Aquí me tenéis, “como un San Francisco entre jarales”, que diría San Manolo García, hablando de bichillos. El que sea muy ecologista o animalista o zoófilo –lo advierto ya- que deje de leer el post porque no le va a gustar. No pretendo aquí sentar cátedra ni convencer a nadie, simplemente reflexionar un poco: ¿por qué me la sudan los animales?

Estos días vivimos una ofensiva medioambientalista sin precedentes. A lo mejor es verdad que el planeta está en peligro y que deben de sonar las alarmas, y que todo esfuerzo es poco para concienciarnos. Pero es que no pasa día en que no tengamos noticias de algo relacionado con biocombustibles, efecto invernadero, trasvases de agua, cambio climático, etc, y, dígamoslo ya: empiezo a estar bastante aburrido del tema. A lo mejor por saturación se está produciendo en mí el efecto contrario, en lugar de concienciarme me estoy insensibilizando.

Yo estoy en contra del maltrato a los animales “porque sí”, pero más lo estoy del de las personas. Y hay cosas con las que la gente se indigna que a mí me parecen igual. ¿Nosécuántos mil euros de multa por abandonar a un perro? ¿Se nos ha ido la cabeza? Está claro que el problema lo tengo yo, porque voy contracorriente. Ya lo decían Samuel, Chorrica y otros personajes embrionarios de La Hora Chanante: “No pegues a los animales, no pegues a los perricos. No pegues a los animales, ellos son tus amigos”. Riquísimo.

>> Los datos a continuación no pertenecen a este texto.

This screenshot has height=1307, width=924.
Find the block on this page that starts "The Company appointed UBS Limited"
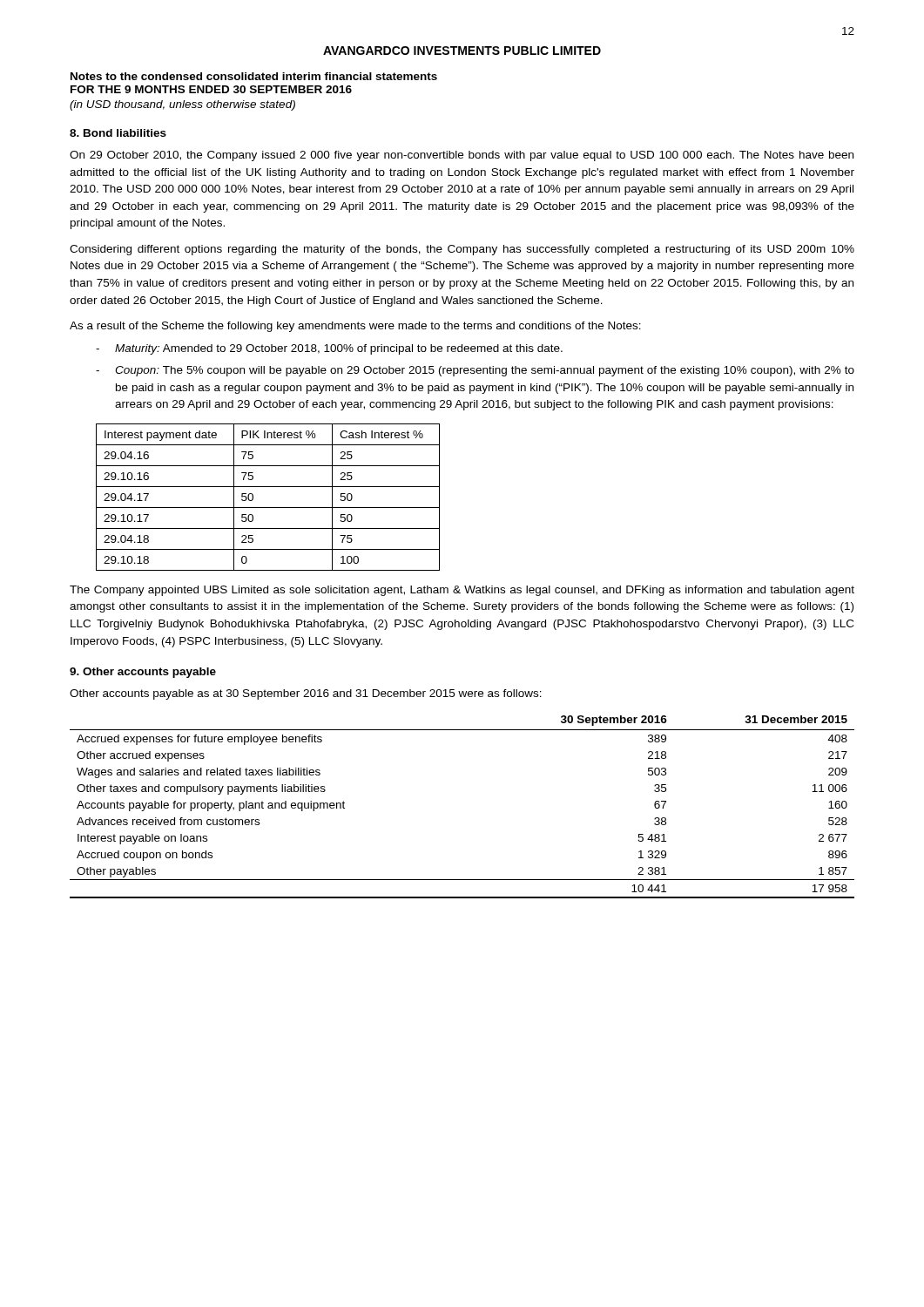click(462, 615)
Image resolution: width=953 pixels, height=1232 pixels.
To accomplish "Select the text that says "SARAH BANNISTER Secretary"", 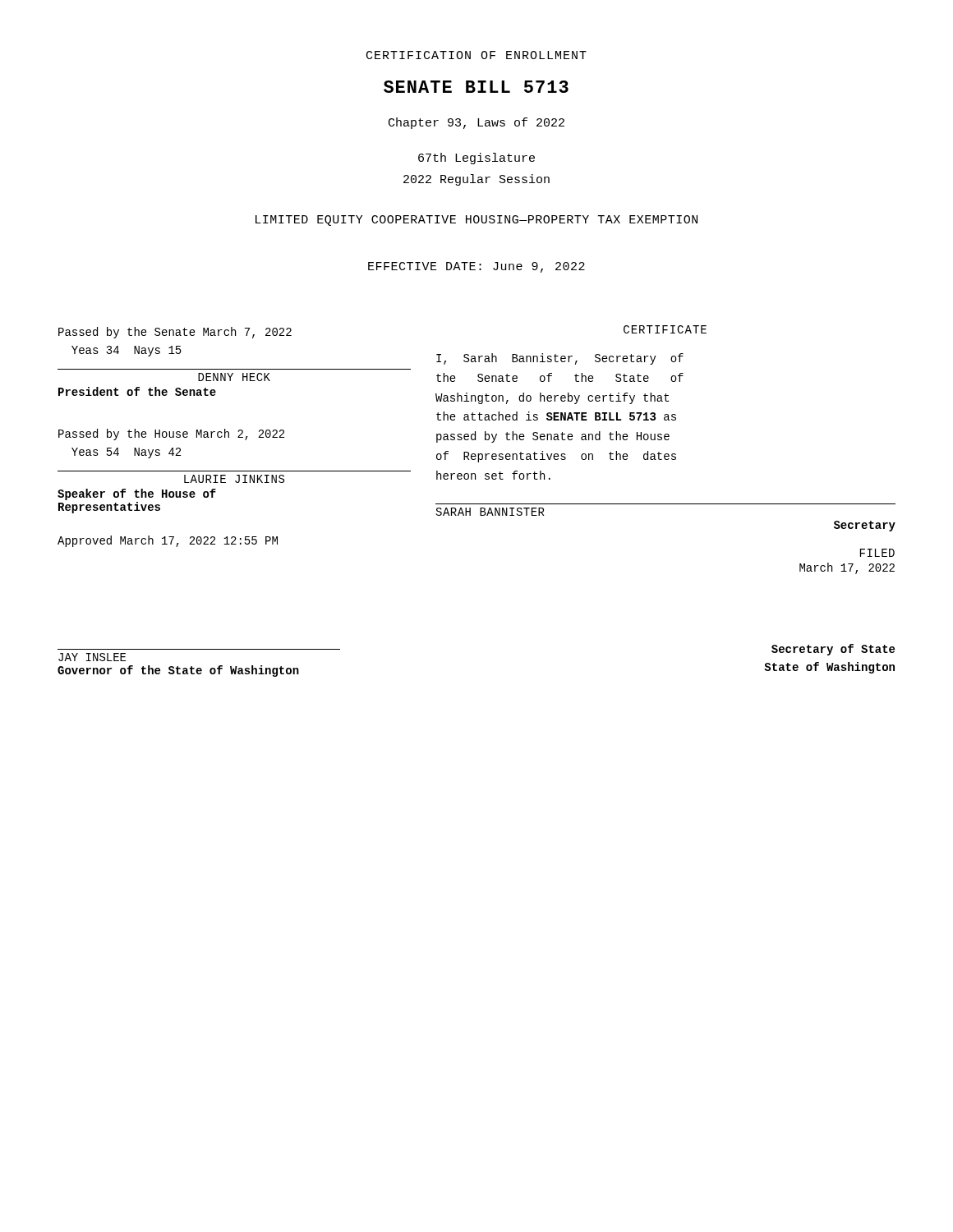I will [490, 512].
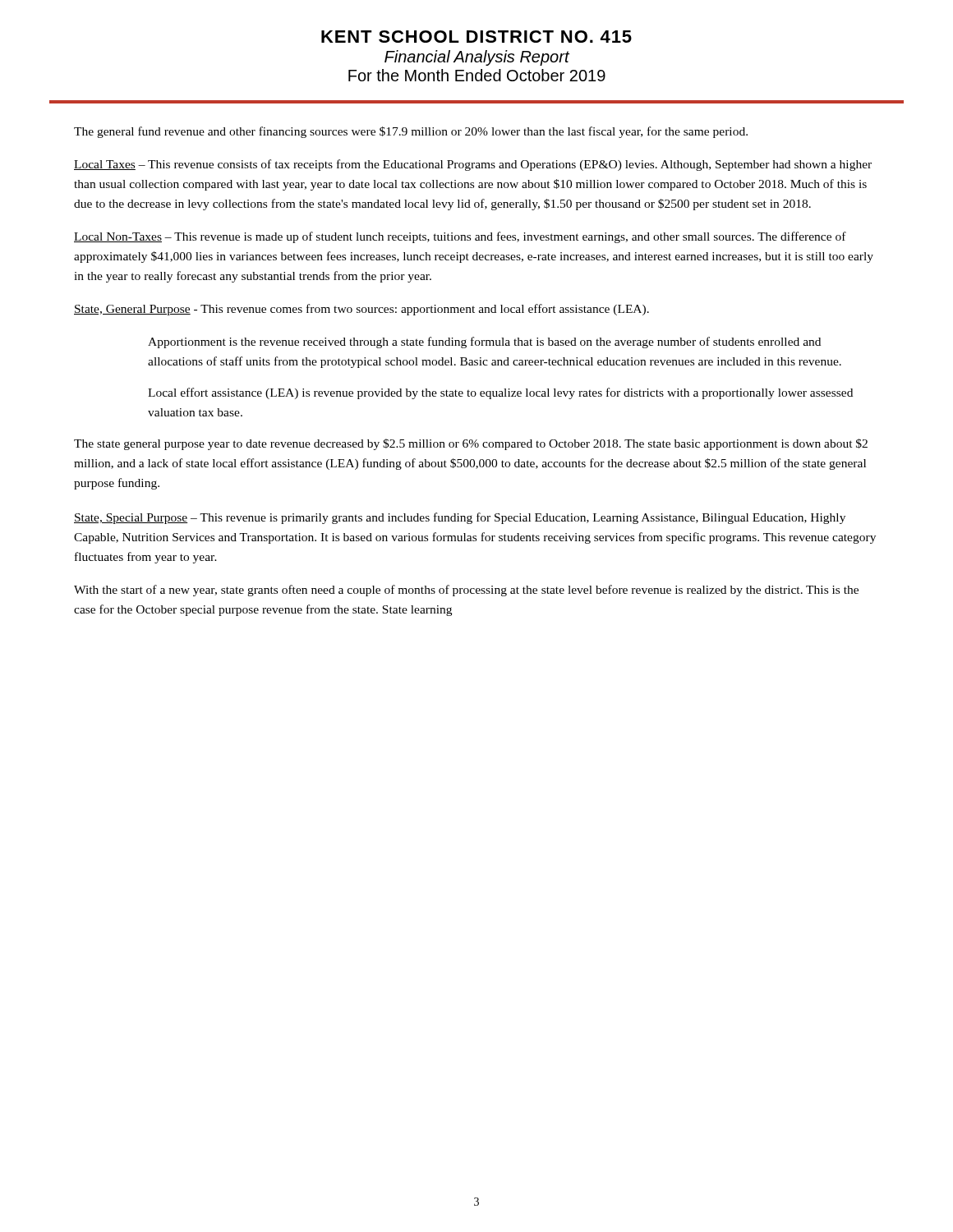Image resolution: width=953 pixels, height=1232 pixels.
Task: Where is the passage that starts "Local Taxes – This revenue consists of tax"?
Action: [x=473, y=184]
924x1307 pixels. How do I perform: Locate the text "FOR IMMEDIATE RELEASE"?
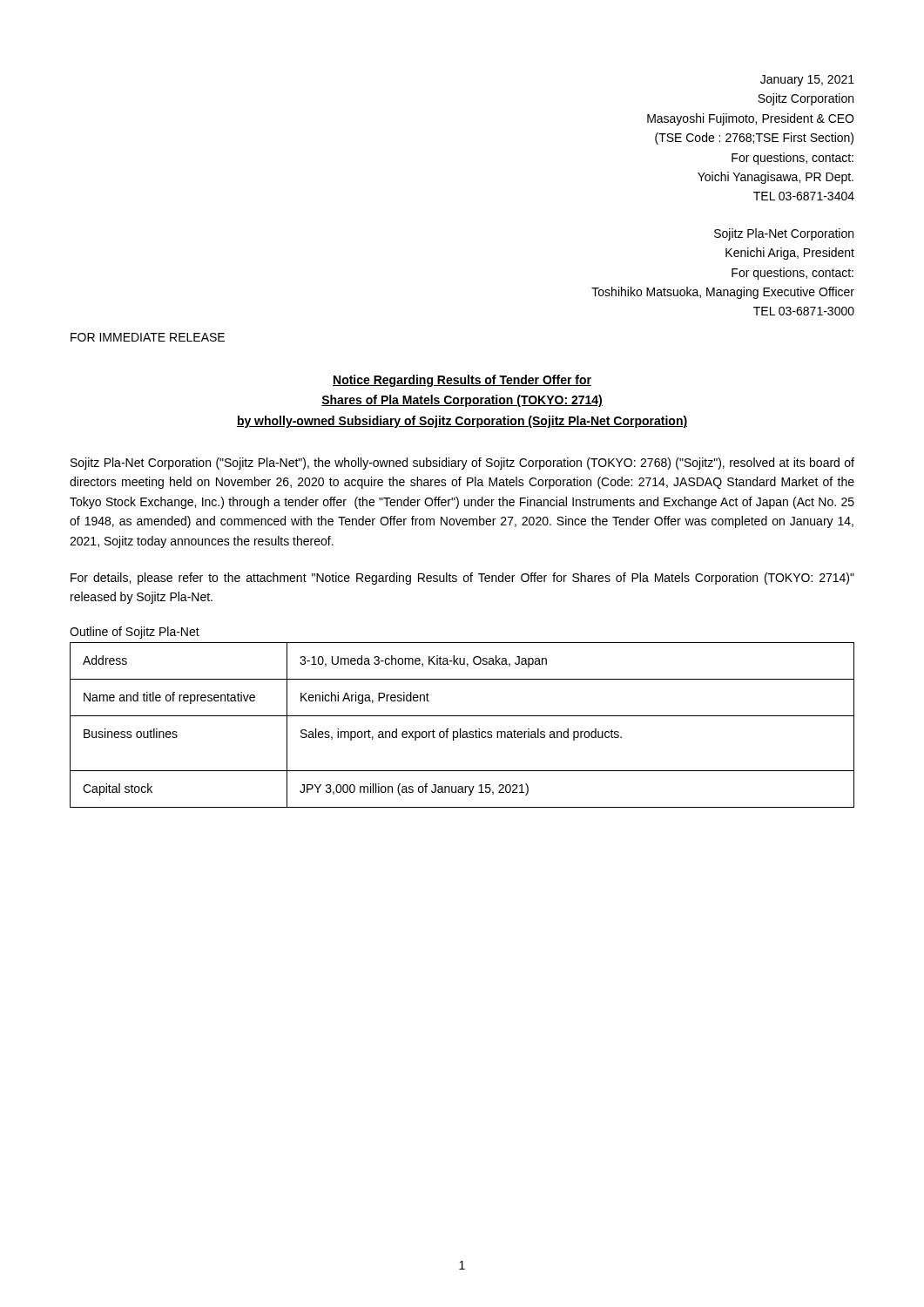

Por razones que ahora no vienen al caso me veo obligado a ver por las mañanas episodios antiguos de David el Gnomo (pero no de los de nuestra época, sino de esa especie de remake absurdo y colorista que se realizó hace poco). Menos mal que los puedo ver en inglés –al menos saco algo- porque si no me suicidaría. Estos episodios, formulaicos hasta decir basta, constituyen un inexorable panfleto ecologista en el que cada día se nos alerta sobre las bondades de alguna especie en peligro. Hoy eran los bichos del Parque de Yellowstone, ayer los tigres de Bengala y lo mismo otro día le toca el turno al somormujo calvo o al pez leche.

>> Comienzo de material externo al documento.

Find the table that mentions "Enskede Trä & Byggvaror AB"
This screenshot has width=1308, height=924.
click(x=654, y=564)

Todos los episodios son iguales. El sapientísimo David (no hay más que ver cómo viste, de John Galliano para Dior) se entera de que tal o cual especie se halla amenazada en tal o cual rincón del mundo y allá que con su silbato en forma de amanita faloide llama a sus colegas los gansos voladores low cost y se planta donde sea en un pis-pás. Una vez in situ, David y su estomagante cuadrilla de gnomos desfacen el entuerto de turno (no sin antes sermonear al espectador) y logran su objetivo de salvar a los animales y de hacer reflexionar al ser humano malvado y culpable de sus males, en lo que constituye una anagnórisis más falsa que un euro de queso Cheddar.

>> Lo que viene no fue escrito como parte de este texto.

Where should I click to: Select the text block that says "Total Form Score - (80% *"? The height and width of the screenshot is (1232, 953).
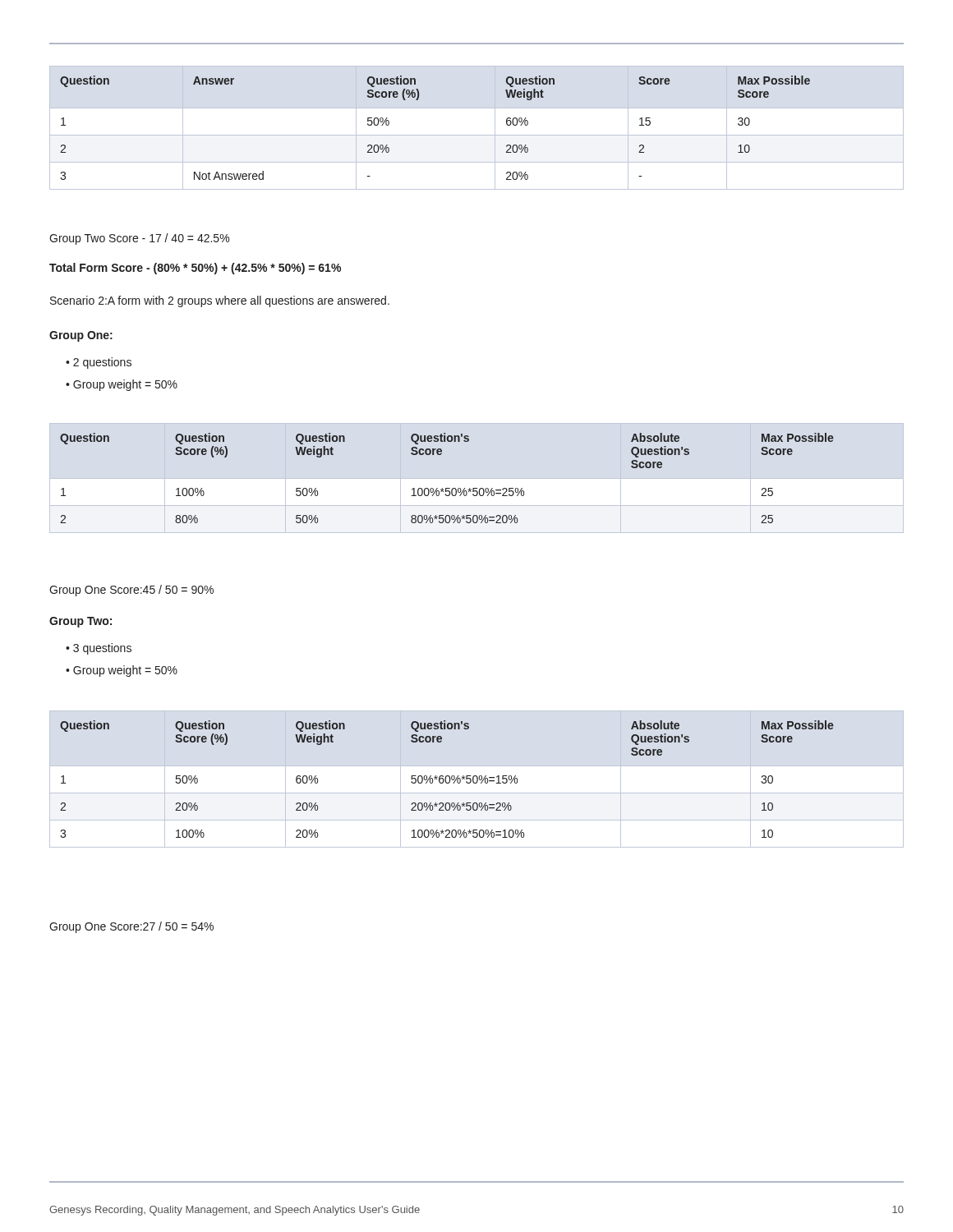[195, 268]

Y así todos los días, me veo rodeado de movidas eco-zoológicas por todas partes. Hasta los de Iberdrola, que se han hecho millonarios comerciando con energía ahora resulta que son los más benefactores del medioambiente. “Lo hemos hecho bien”, es el lema de los colegas. Enriqueceros, desde luego, hijos de puta: eso lo habéis clavado. Y podría seguir dando ejemplos: esta misma mañana he propiciado sin querer en el trabajo un debate sobre el vegetarianismo, y no ha faltado quien diga que no hay que hacer daño a los animales comiendo su carne, etc, etc. Tampoco ha faltado quien ha dicho directamente que los vegetarianos son idiotas (no he sido yo), y eso tampoco me parece plan.

La última ha sido a cuenta de unas entradas gratuitas para los toros que al final no voy a poder conseguir, y se ha desatado de nuevo a mi alrededor el sempiterno debate “toros sí-toros no”, en torno a la conservación como especie del toro de lidia, el sufrimiento del animal (que sufre, y mucho), el arte del toreo, las tradiciones… A mí que me dejen comerme tranquilo mi filete y ver mi corridota de toros (siempre que sea de balde) y que se vayan a salvar al lince ibérico los de Iberdrola. En realidad los animales me encantan… ¿dónde estaría -por poner un ejemplo- la factoría Disney sin ellos?